The prosecution’s $1,000-a-day tab is being paid by overseas human rights organizations, while the defendants are represented by a battery of state-paid attorneys, at a daily cost estimated as high as $10,000.
Of fewer than half a dozen private prosecutions in South Africa in recent years, all have been on charges less serious than murder, and none has been successful.
Private prosecutors are hampered by a lack of access to the investigative forces of the police. And the Trojan Horse prosecutors say that bringing a case against police, especially police being defended by the government, carries special difficulties.

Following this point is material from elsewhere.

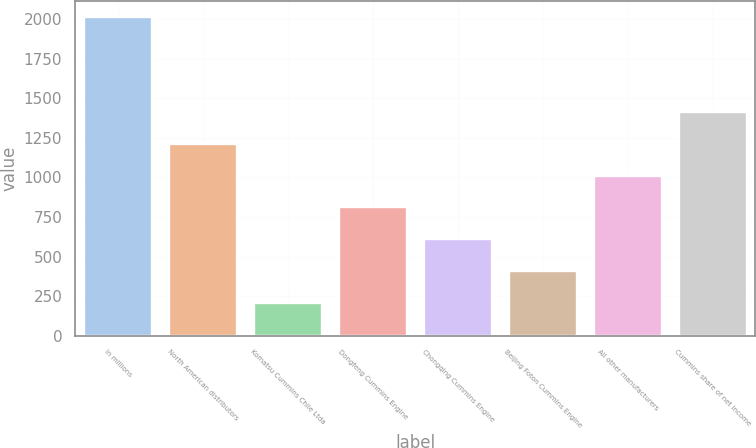<chart> <loc_0><loc_0><loc_500><loc_500><bar_chart><fcel>In millions<fcel>North American distributors<fcel>Komatsu Cummins Chile Ltda<fcel>Dongfeng Cummins Engine<fcel>Chongqing Cummins Engine<fcel>Beijing Foton Cummins Engine<fcel>All other manufacturers<fcel>Cummins share of net income<nl><fcel>2014<fcel>1211.6<fcel>208.6<fcel>810.4<fcel>609.8<fcel>409.2<fcel>1011<fcel>1412.2<nl></chart>

Shotgun pellets removed from Magmoed’s body mysteriously disappeared from a police supply room, for instance. And when the prosecutors asked for permission to see the murder weapons, they were surprised to learn the shotguns already had been turned over--to attorneys for the defense.
Judge Williamson’s verdict here may turn on the legal doctrine of “common purpose.” Because the police used buckshot, which contains 40 to 45 pellets per cartridge, forensic experts cannot link the fatal shots to a specific gun. So the prosecution must rely on “common purpose,” under which all defendants who share criminal intent are equally guilty, whether or not they actually lifted a hand in the killing.
The government has used “common purpose” to put several dozen black activists on Death Row in recent years. The Sharpeville Six, for example, were sentenced to hang for the mob murder of a Lekoa town councilor even though there was no evidence that any of them directly contributed to his death. Former President Pieter W. Botha granted the six reprieves from the gallows last year after worldwide pleas for mercy.
Shaun Magmoed, who loved break-dancing and wanted one day to become a traffic policeman, was buried atop an uncle’s casket to save the expense of a cemetery plot. Three years later, the state paid Shaun’s parents $300 in an unpublicized, out-of-court settlement for his funeral expenses.
Hilary Magmoed keeps the photos of her son in a bedroom drawer in her Athlone home, memories still too painful for open display. She says that sending the 13 men to jail won’t ease her heartache, but it would make her feel better just the same.
“I don’t hate those policemen, but I can’t stand to look at them,” she said. “It’s always on my mind. . . . They shot my son.”
Meanwhile, Atty. Gen. Rossouw worriedly watches the case unfold from the downtown office where he oversees a staff of 27 public prosecutors. A presidential appointee with a decade on the job, he says his personal credibility and the reputation of South African justice is at stake.
“I still don’t believe I was wrong not to bring charges,” Rossouw said. But if the Magmoeds win a conviction, he added, “I’d have to think seriously of resigning.”